1/4 mile times
#31
OP, log your IAT before blindly changing things. Also log fuel pressure, AFR, and check tune for torque reduction. Unless you were idling the truck before you ran the 1/4, it doesn't seem like high IAT would kill the power so much as to give you a 60' time that makes it seem like you hit the snooze alarm when the tree went green.
#34
What is the MPH? The actual number? Not a math problem (train 1 left the station at the same time as train 2, but train 1 was travelling at 25 mph and train 2 at 30 mph. If train 1's route is on flat ground and train 2's route is uphill at a 0.56 degree uphill gradient, then what is the 1/4 mile MPH of Torque BT's Yukon before tuning?).
#36
What is the MPH? The actual number? Not a math problem (train 1 left the station at the same time as train 2, but train 1 was travelling at 25 mph and train 2 at 30 mph. If train 1's route is on flat ground and train 2's route is uphill at a 0.56 degree uphill gradient, then what is the 1/4 mile MPH of Torque BT's Yukon before tuning?).

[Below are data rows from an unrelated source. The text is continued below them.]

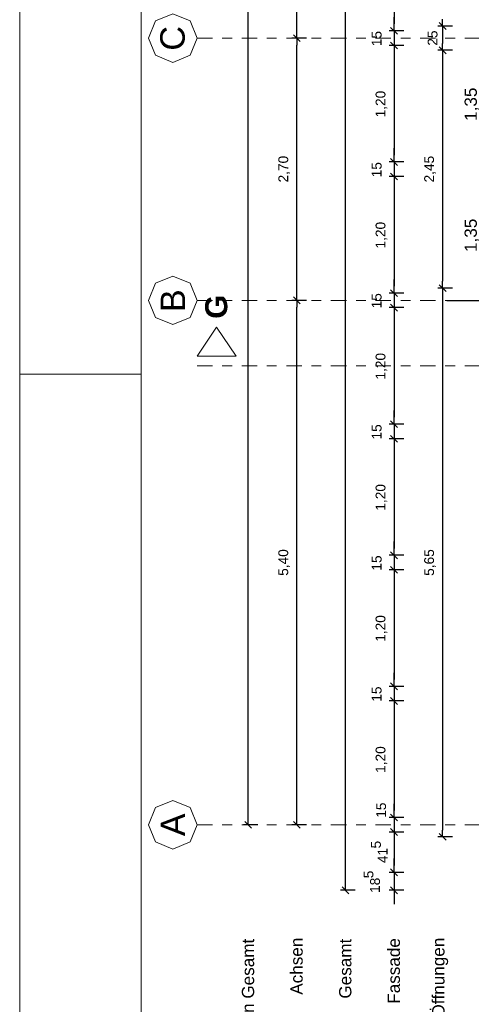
# Model space of a CAD drawing. Header units: metres. Extents: x -45.2 to 14.3, y -31.8 to 10.2.
# Tile 2 of 141: x -45.2 to -40.5, y -23.4 to -13.3. Entities that reach past the tile are written whole.
import ezdxf

# ---------------------------------------------------------------- set-up
doc = ezdxf.new("R2010")
doc.units = ezdxf.units.M
doc.header["$LTSCALE"] = 0.05
doc.linetypes.add('Achsen 01', pattern=[5.291531, 3.175, -1.058062, 0.352704, -0.705764])
doc.layers.get('0').update_dxf_attribs({"lineweight": 25})
doc.layers.add('030_Sonnenschutzarbeiten-Bemassung', color=7, linetype='Continuous', lineweight=13, true_color=0xff6633)
doc.layers.add('AV1-Achsen', color=1, linetype='Achsen 01', lineweight=18, true_color=0xff0000)
for name, color, linetype, lineweight in [('AV1-Planrahmen', 7, 'Continuous', 9), ('AV1-Schnitt Achsen', 7, 'Achsen 01', 18), ('Bemaßung-Bemaßung', 7, 'Continuous', 9), ('Keine', 7, 'Continuous', 9)]:
    doc.layers.add(name, color=color, linetype=linetype, lineweight=lineweight)
doc.styles.add('Arial', font='arial.ttf')
doc.styles.add('Arial (bold)', font='arialbd.ttf')

# ---------------------------------------------------------------- blocks, each defined once
blk = doc.blocks.new('Group')
at = {"layer": 'AV1-Planrahmen', "color": 7}
blk.add_line((-0.5695, -0.12317), (-0.5945, -0.12317), dxfattribs=at)
at = {"layer": 'AV1-Planrahmen', "color": 7, "flags": 128}
for points in [[(-0.5945, -0.4205), (-0.5945, 0.4205), (0.5945, 0.4205), (0.5945, -0.4205)], [(-0.5695, -0.4155), (-0.5695, 0.4155), (0.4045, 0.4155), (0.4045, -0.4155)]]:
    blk.add_lwpolyline(points, close=True, dxfattribs=at)

msp = doc.modelspace()

# ---------------------------------------------------------------- linework, layer by layer
at = {"color": 0, "linetype": 'ByBlock', "lineweight": -2}
for p, q in [((-41.325, -13.425), (-41.325, -13.354)), ((-41.325, -13.425), (-41.325, -13.354)), ((-40.825, -13.375), (-40.825, -13.304)), ((-40.825, -13.375), (-40.825, -13.446)), ((-42.325, -13.5), (-42.325, -13.429)), ((-42.325, -13.5), (-42.325, -13.571)), ((-41.325, -13.575), (-41.325, -13.646)), ((-41.325, -13.575), (-41.325, -13.646)), ((-40.825, -13.625), (-40.825, -13.554)), ((-40.825, -13.625), (-40.825, -13.696)), ((-41.325, -14.775), (-41.325, -14.704)), ((-41.325, -14.775), (-41.325, -14.704)), ((-41.325, -14.925), (-41.325, -14.996)), ((-41.325, -14.925), (-41.325, -14.996)), ((-40.825, -16.075), (-40.825, -16.004)), ((-41.325, -16.125), (-41.325, -16.054)), ((-41.325, -16.125), (-41.325, -16.054)), ((-40.825, -16.075), (-40.825, -16.146)), ((-42.325, -16.2), (-42.325, -16.129)), ((-42.325, -16.2), (-42.325, -16.271)), ((-41.325, -16.275), (-41.325, -16.346)), ((-41.325, -16.275), (-41.325, -16.346)), ((-41.325, -17.475), (-41.325, -17.404)), ((-41.325, -17.475), (-41.325, -17.404)), ((-41.325, -17.625), (-41.325, -17.696)), ((-41.325, -17.625), (-41.325, -17.696)), ((-41.325, -18.825), (-41.325, -18.754)), ((-41.325, -18.825), (-41.325, -18.754)), ((-41.325, -18.975), (-41.325, -19.046)), ((-41.325, -18.975), (-41.325, -19.046)), ((-41.325, -20.175), (-41.325, -20.104)), ((-41.325, -20.175), (-41.325, -20.104)), ((-41.325, -20.325), (-41.325, -20.396)), ((-41.325, -20.325), (-41.325, -20.396)), ((-41.325, -21.525), (-41.325, -21.454)), ((-41.325, -21.525), (-41.325, -21.454)), ((-42.825, -21.6), (-42.825, -21.529)), ((-42.325, -21.6), (-42.325, -21.529)), ((-41.325, -21.675), (-41.325, -21.746)), ((-41.325, -21.675), (-41.325, -21.746)), ((-40.825, -21.725), (-40.825, -21.654)), ((-41.325, -22.09), (-41.325, -22.019)), ((-41.325, -22.09), (-41.325, -22.019)), ((-41.825, -22.275), (-41.825, -22.204)), ((-41.325, -22.275), (-41.325, -22.346))]:
    msp.add_line(p, q, dxfattribs=at)
at = {"color": 0, "linetype": 'Continuous', "lineweight": 15}
for p, q in [((-40.86, -13.34), (-40.79, -13.41)), ((-40.79, -13.41), (-40.86, -13.34)), ((-42.29, -13.535), (-42.36, -13.465)), ((-42.36, -13.465), (-42.29, -13.535)), ((-41.29, -13.46), (-41.36, -13.39)), ((-41.29, -13.46), (-41.36, -13.39)), ((-41.36, -13.54), (-41.29, -13.61)), ((-41.36, -13.54), (-41.29, -13.61)), ((-40.86, -13.59), (-40.79, -13.66)), ((-40.79, -13.66), (-40.86, -13.59)), ((-41.29, -14.81), (-41.36, -14.74)), ((-41.29, -14.81), (-41.36, -14.74)), ((-41.36, -14.89), (-41.29, -14.96)), ((-41.36, -14.89), (-41.29, -14.96)), ((-41.29, -16.16), (-41.36, -16.09)), ((-41.29, -16.16), (-41.36, -16.09)), ((-40.86, -16.04), (-40.79, -16.11)), ((-40.79, -16.11), (-40.86, -16.04)), ((-42.29, -16.235), (-42.36, -16.165)), ((-42.36, -16.165), (-42.29, -16.235)), ((-41.36, -16.24), (-41.29, -16.31)), ((-41.36, -16.24), (-41.29, -16.31)), ((-41.29, -17.51), (-41.36, -17.44)), ((-41.29, -17.51), (-41.36, -17.44)), ((-41.36, -17.59), (-41.29, -17.66)), ((-41.36, -17.59), (-41.29, -17.66)), ((-41.29, -18.86), (-41.36, -18.79)), ((-41.29, -18.86), (-41.36, -18.79)), ((-41.36, -18.94), (-41.29, -19.01)), ((-41.36, -18.94), (-41.29, -19.01)), ((-41.29, -20.21), (-41.36, -20.14)), ((-41.29, -20.21), (-41.36, -20.14)), ((-41.36, -20.29), (-41.29, -20.36)), ((-41.36, -20.29), (-41.29, -20.36)), ((-41.29, -21.56), (-41.36, -21.49)), ((-41.29, -21.56), (-41.36, -21.49)), ((-42.79, -21.635), (-42.86, -21.565)), ((-42.29, -21.635), (-42.36, -21.565)), ((-41.36, -21.64), (-41.29, -21.71)), ((-41.36, -21.64), (-41.29, -21.71)), ((-40.79, -21.76), (-40.86, -21.69)), ((-41.29, -22.125), (-41.36, -22.055)), ((-41.29, -22.125), (-41.36, -22.055)), ((-41.79, -22.31), (-41.86, -22.24)), ((-41.36, -22.24), (-41.29, -22.31))]:
    msp.add_line(p, q, dxfattribs=at)
at = {"layer": '030_Sonnenschutzarbeiten-Bemassung', "color": 0, "lineweight": -2}
msp.add_line((-40.781, -16.2), (-40.425, -16.2), dxfattribs=at)
at = {"layer": 'AV1-Achsen'}
for p, q in [((-43.35, -13.5), (4.2, -13.5)), ((-43.35, -16.2), (4.2, -16.2)), ((-43.35, -21.6), (4.2, -21.6))]:
    msp.add_line(p, q, dxfattribs=at)
at = {"layer": 'AV1-Achsen', "linetype": 'Continuous'}
for points in [[(-43.35, -13.5), (-43.423, -13.677), (-43.6, -13.75), (-43.777, -13.677), (-43.85, -13.5), (-43.777, -13.323), (-43.6, -13.25), (-43.423, -13.323)], [(-43.35, -16.2), (-43.423, -16.377), (-43.6, -16.45), (-43.777, -16.377), (-43.85, -16.2), (-43.777, -16.023), (-43.6, -15.95), (-43.423, -16.023)], [(-43.35, -21.6), (-43.423, -21.777), (-43.6, -21.85), (-43.777, -21.777), (-43.85, -21.6), (-43.777, -21.423), (-43.6, -21.35), (-43.423, -21.423)]]:
    msp.add_lwpolyline(points, close=True, dxfattribs=at)
at = {"layer": 'AV1-Schnitt Achsen'}
msp.add_line((-43.35, -16.875), (4.2, -16.875), dxfattribs=at)
at = {"layer": 'AV1-Schnitt Achsen', "linetype": 'Continuous'}
msp.add_lwpolyline([(-42.95, -16.775), (-43.35, -16.775), (-43.15, -16.475)], close=True, dxfattribs=at)
at = {"layer": 'Bemaßung-Bemaßung', "color": 0, "lineweight": -2}
for p, q in [((-41.825, -22.204), (-41.825, 0.604)), ((-42.825, -21.529), (-42.825, -0.071)), ((-42.325, -13.429), (-42.325, -8.171)), ((-40.725, -13.375), (-40.875, -13.375)), ((-40.725, -13.375), (-40.875, -13.375)), ((-40.825, -13.446), (-40.825, -13.554)), ((-42.225, -13.5), (-42.375, -13.5)), ((-42.225, -13.5), (-42.375, -13.5)), ((-42.325, -16.129), (-42.325, -13.571)), ((-40.725, -13.625), (-40.875, -13.625)), ((-40.725, -13.625), (-40.875, -13.625)), ((-40.825, -13.696), (-40.825, -16.004)), ((-40.725, -16.075), (-40.875, -16.075)), ((-40.725, -16.075), (-40.875, -16.075)), ((-42.225, -16.2), (-42.375, -16.2)), ((-42.225, -16.2), (-42.375, -16.2)), ((-40.825, -16.146), (-40.825, -21.654)), ((-42.325, -21.529), (-42.325, -16.271)), ((-42.725, -21.6), (-42.875, -21.6)), ((-42.225, -21.6), (-42.375, -21.6)), ((-40.725, -21.725), (-40.875, -21.725)), ((-41.725, -22.275), (-41.875, -22.275))]:
    msp.add_line(p, q, dxfattribs=at)
at = {"layer": 'Bemaßung-Bemaßung', "color": 0, "linetype": 'Continuous', "lineweight": -2}
for p, q in [((-41.325, -12.296), (-41.325, -13.354)), ((-41.325, -13.354), (-41.325, -13.284)), ((-41.225, -13.425), (-41.375, -13.425)), ((-41.225, -13.425), (-41.375, -13.425)), ((-41.325, -13.425), (-41.325, -13.575)), ((-41.225, -13.575), (-41.375, -13.575)), ((-41.225, -13.575), (-41.375, -13.575)), ((-41.325, -13.646), (-41.325, -14.704)), ((-41.325, -13.646), (-41.325, -13.716)), ((-41.325, -14.704), (-41.325, -14.634)), ((-41.225, -14.775), (-41.375, -14.775)), ((-41.225, -14.775), (-41.375, -14.775)), ((-41.325, -14.775), (-41.325, -14.925)), ((-41.225, -14.925), (-41.375, -14.925)), ((-41.225, -14.925), (-41.375, -14.925)), ((-41.325, -14.996), (-41.325, -16.054)), ((-41.325, -14.996), (-41.325, -15.066)), ((-41.325, -16.054), (-41.325, -15.984)), ((-41.225, -16.125), (-41.375, -16.125)), ((-41.225, -16.125), (-41.375, -16.125)), ((-41.325, -16.125), (-41.325, -16.275)), ((-41.225, -16.275), (-41.375, -16.275)), ((-41.225, -16.275), (-41.375, -16.275)), ((-41.325, -16.346), (-41.325, -17.404)), ((-41.325, -16.346), (-41.325, -16.416)), ((-41.325, -17.404), (-41.325, -17.334)), ((-41.225, -17.475), (-41.375, -17.475)), ((-41.225, -17.475), (-41.375, -17.475)), ((-41.325, -17.475), (-41.325, -17.625)), ((-41.225, -17.625), (-41.375, -17.625)), ((-41.225, -17.625), (-41.375, -17.625)), ((-41.325, -17.696), (-41.325, -18.754)), ((-41.325, -17.696), (-41.325, -17.766)), ((-41.325, -18.754), (-41.325, -18.684)), ((-41.225, -18.825), (-41.375, -18.825)), ((-41.225, -18.825), (-41.375, -18.825)), ((-41.325, -18.825), (-41.325, -18.975)), ((-41.225, -18.975), (-41.375, -18.975)), ((-41.225, -18.975), (-41.375, -18.975)), ((-41.325, -19.046), (-41.325, -20.104)), ((-41.325, -19.046), (-41.325, -19.116)), ((-41.325, -20.104), (-41.325, -20.034)), ((-41.225, -20.175), (-41.375, -20.175)), ((-41.225, -20.175), (-41.375, -20.175)), ((-41.325, -20.175), (-41.325, -20.325)), ((-41.225, -20.325), (-41.375, -20.325)), ((-41.225, -20.325), (-41.375, -20.325)), ((-41.325, -20.396), (-41.325, -21.454)), ((-41.325, -20.396), (-41.325, -20.466)), ((-41.325, -21.454), (-41.325, -21.384)), ((-41.225, -21.525), (-41.375, -21.525)), ((-41.225, -21.525), (-41.375, -21.525)), ((-41.325, -21.525), (-41.325, -21.675)), ((-41.225, -21.675), (-41.375, -21.675)), ((-41.225, -21.675), (-41.375, -21.675)), ((-41.325, -21.746), (-41.325, -22.019)), ((-41.325, -21.746), (-41.325, -21.816)), ((-41.325, -22.019), (-41.325, -21.949)), ((-41.225, -22.09), (-41.375, -22.09)), ((-41.225, -22.09), (-41.375, -22.09)), ((-41.325, -22.09), (-41.325, -22.275)), ((-41.225, -22.275), (-41.375, -22.275)), ((-41.325, -22.346), (-41.325, -22.416))]:
    msp.add_line(p, q, dxfattribs=at)
at = {"layer": 'Defpoints', "color": 0, "lineweight": 0}
for p, q in [((-40.825, -13.375), (-40.825, -13.375)), ((-41.325, -13.425), (-41.325, -13.425)), ((-42.325, -13.5), (-42.325, -13.5)), ((-41.325, -13.575), (-41.325, -13.575)), ((-40.825, -13.625), (-40.825, -13.625)), ((-41.325, -14.775), (-41.325, -14.775)), ((-41.325, -14.925), (-41.325, -14.925)), ((-40.825, -16.075), (-40.825, -16.075)), ((-42.325, -16.2), (-42.325, -16.2)), ((-41.325, -16.125), (-41.325, -16.125)), ((-41.325, -16.275), (-41.325, -16.275)), ((-41.325, -17.475), (-41.325, -17.475)), ((-41.325, -17.625), (-41.325, -17.625)), ((-41.325, -18.825), (-41.325, -18.825)), ((-41.325, -18.975), (-41.325, -18.975)), ((-41.325, -20.175), (-41.325, -20.175)), ((-41.325, -20.325), (-41.325, -20.325)), ((-41.325, -21.525), (-41.325, -21.525)), ((-41.325, -21.675), (-41.325, -21.675)), ((-40.825, -21.725), (-40.825, -21.725)), ((-41.325, -22.09), (-41.325, -22.09)), ((-41.325, -22.275), (-41.325, -22.275))]:
    msp.add_line(p, q, dxfattribs=at)

# ---------------------------------------------------------------- block references
at = {"layer": 'Keine', "color": 7, "transparency": 33554687, "xscale": 50, "yscale": 50, "zscale": 50}
msp.add_blockref('Group', (-15.45, -10.8), dxfattribs=at)

# ---------------------------------------------------------------- texts
at = {"layer": '030_Sonnenschutzarbeiten-Bemassung', "color": 0, "char_height": 0.1261, "attachment_point": 7, "rotation": 90, "style": 'Arial'}
for insert in [(-40.45, -14.352), (-40.45, -15.702)]:
    msp.add_mtext('1,35', dxfattribs=dict(at, insert=insert))
at = {"layer": 'AV1-Achsen', "char_height": 0.252, "attachment_point": 7, "rotation": 90, "style": 'Arial'}
for s, insert in [('C', (-43.474, -13.629)), ('B', (-43.474, -16.321)), ('A', (-43.474, -21.718))]:
    msp.add_mtext(s, dxfattribs=dict(at, insert=insert))
at = {"layer": 'AV1-Schnitt Achsen', "insert": (-43.037, -16.39), "char_height": 0.227, "attachment_point": 7, "rotation": 90, "style": 'Arial (bold)'}
msp.add_mtext('G', dxfattribs=at)
at = {"layer": 'Bemaßung-Bemaßung', "color": 0, "attachment_point": 7, "rotation": 90, "style": 'Arial'}
for s, insert, char_height in [('15', (-41.452, -13.583), 0.1009), ('25', (-40.877, -13.578), 0.1009), ('1,20', (-41.395, -14.316), 0.1009), ('2,70', (-42.395, -14.986), 0.1009), ('15', (-41.452, -14.933), 0.1009), ('2,45', (-40.895, -14.986), 0.1009), ('1,20', (-41.395, -15.666), 0.1009), ('15', (-41.452, -16.283), 0.1009), ('1,20', (-41.395, -17.016), 0.1009), ('15', (-41.452, -17.633), 0.1009), ('1,20', (-41.395, -18.366), 0.1009), ('5,40', (-42.395, -19.037), 0.1009), ('15', (-41.452, -18.983), 0.1009), ('5,65', (-40.895, -19.037), 0.1009), ('1,20', (-41.395, -19.716), 0.1009), ('15', (-41.452, -20.333), 0.1009), ('1,20', (-41.395, -21.066), 0.1009), ('15', (-41.406, -21.528), 0.1009), ('5', (-41.459, -21.844), 0.101), ('41', (-41.392, -21.995), 0.1009), ('5', (-41.536, -22.151), 0.101), ('18', (-41.469, -22.302), 0.1009)]:
    msp.add_mtext(s, dxfattribs=dict(at, insert=insert, char_height=char_height))
at = {"layer": 'Bemaßung-Bemaßung', "color": 1, "true_color": 0xff0000, "attachment_point": 7, "rotation": 90, "style": 'Arial'}
for s, insert, char_height in [('Achsen Gesamt', (-42.762, -24.027), 0.12609), ('Achsen', (-42.263, -23.35), 0.1261)]:
    msp.add_mtext(s, dxfattribs=dict(at, insert=insert, char_height=char_height))
at = {"layer": 'Bemaßung-Bemaßung', "attachment_point": 7, "rotation": 90, "style": 'Arial'}
for s, insert, char_height in [('Gesamt', (-41.762, -23.39), 0.1261), ('Fassade', (-41.263, -23.443), 0.1261), ('Rohbau / Öffnungen', (-40.768, -24.349), 0.12609)]:
    msp.add_mtext(s, dxfattribs=dict(at, insert=insert, char_height=char_height))

doc.saveas('drawing.dxf')

before tuning my 1/4 mile mph was from 75-885 and after tuning my mph was a consistent mid 90’s
#40
I put 95 mph and 6000 lbs into Wallace's HP calculator , and it comes out to almost 400 HP. Play around with it, adding your actual weight and 1/4 mph to get a closer idea of your horsepower. That's why I wanted to know your mph, to back up my idea that you are making the power, but being limited by something like transmission tuning or actual torque limiting.